With a blast chiller, you will ensure full compliance with HACCP standards because of your improved food safety.
A Blast chiller / Shock Freezers has reached “Must Have Commercial Kitchen Equipment Status”
If you're looking for the perfect Tag Team Equipment Combination to run a your profitable kitchen. Then you need to look at getting a Combi Oven, a Blast Chiller and a vacuum sealer to complete your team...<
Shows a UNOX XEVC-0711-E1R ChefTop Mind Maps ONE Series 7 Tray Electric Combi Oven, UNOX ChefTop XEVHC-HC11 Hood with Steam Condensor and an IRINOX EF 20.1 Multi Fresh 20 Kg Blast Chiller Shock Freezer
For more info on Irinox Blast Chillers Go to Irinox Blast Chillers
Once you get a Blast chiller / Shock Freezers you'll realise why this is now a “Must Have piece of Commercial Kitchen Equipment”. Required by every modern professional kitchen.

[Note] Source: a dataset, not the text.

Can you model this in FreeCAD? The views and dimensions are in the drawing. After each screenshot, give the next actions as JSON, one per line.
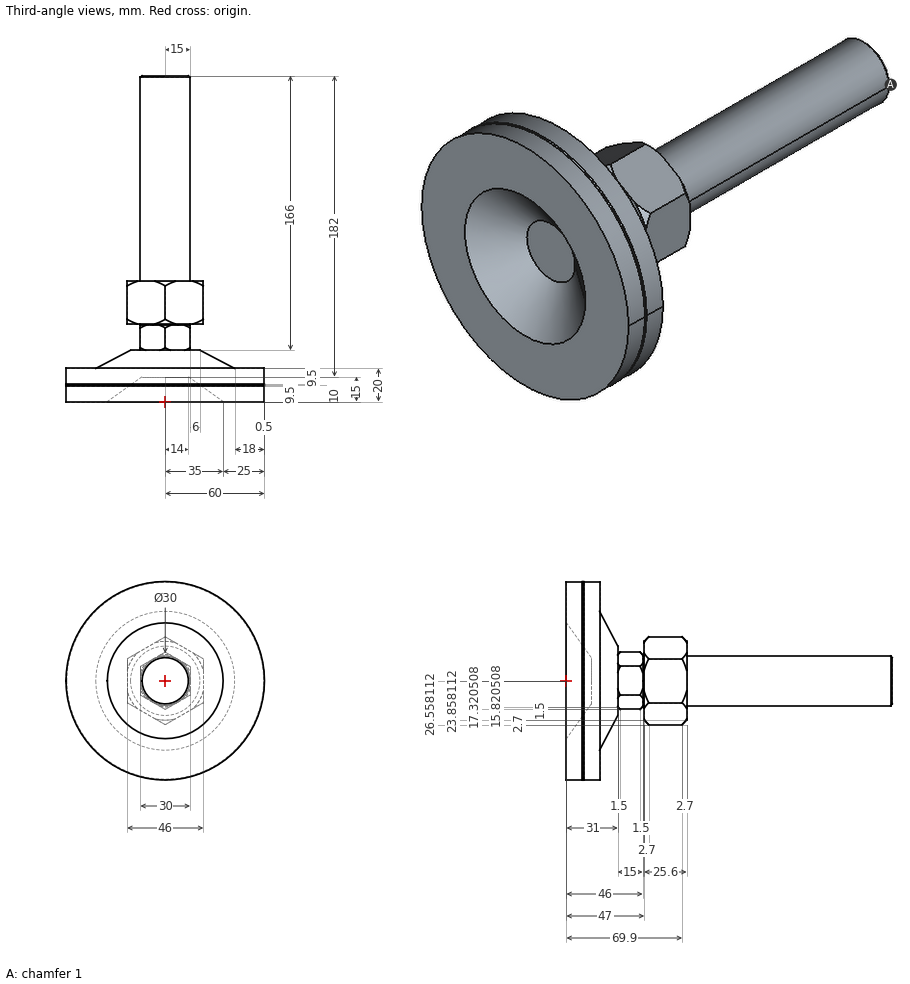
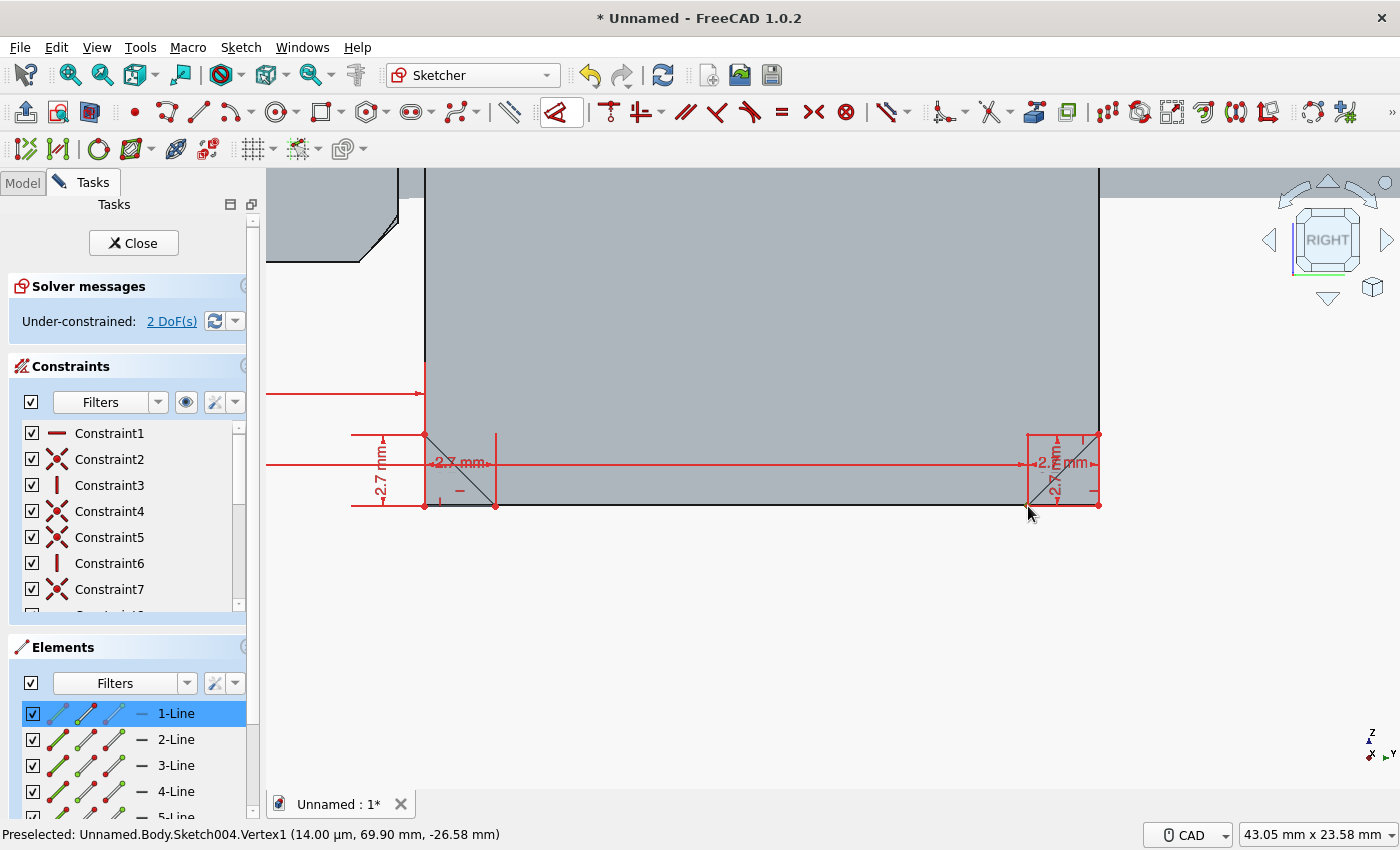
{"action": "key", "text": "i"}

So now your staff responsible for organising work in your kitchen, don't have to worry about your food safety. This will give you a crucial advantage in running a profitable Kitchen.
Blast chillers have become an indispensable tool for every serious chef. Because they give restaurateurs the opportunity to plan and organise your kitchen prep in advance.
With a Combi Oven & Blast Chiller, you now have the ability to reorganise your kitchen's workflow. Eliminating work peaks and the useless everyday repetition of the same preparations. So now you can deliver a more efficient and effective food production in your kitchen.
With the time a Combi Oven & Blast Chiller save you. You will be able to offer your customers, a more creative & delicious menu.
Your Food going to taste and smell better because you retained all the flavour. Rather let it seep out of damaged food cells while thawing.
Your foods going to look better and fresher because your food won't have suffered from ruptured cell walls as it thaws.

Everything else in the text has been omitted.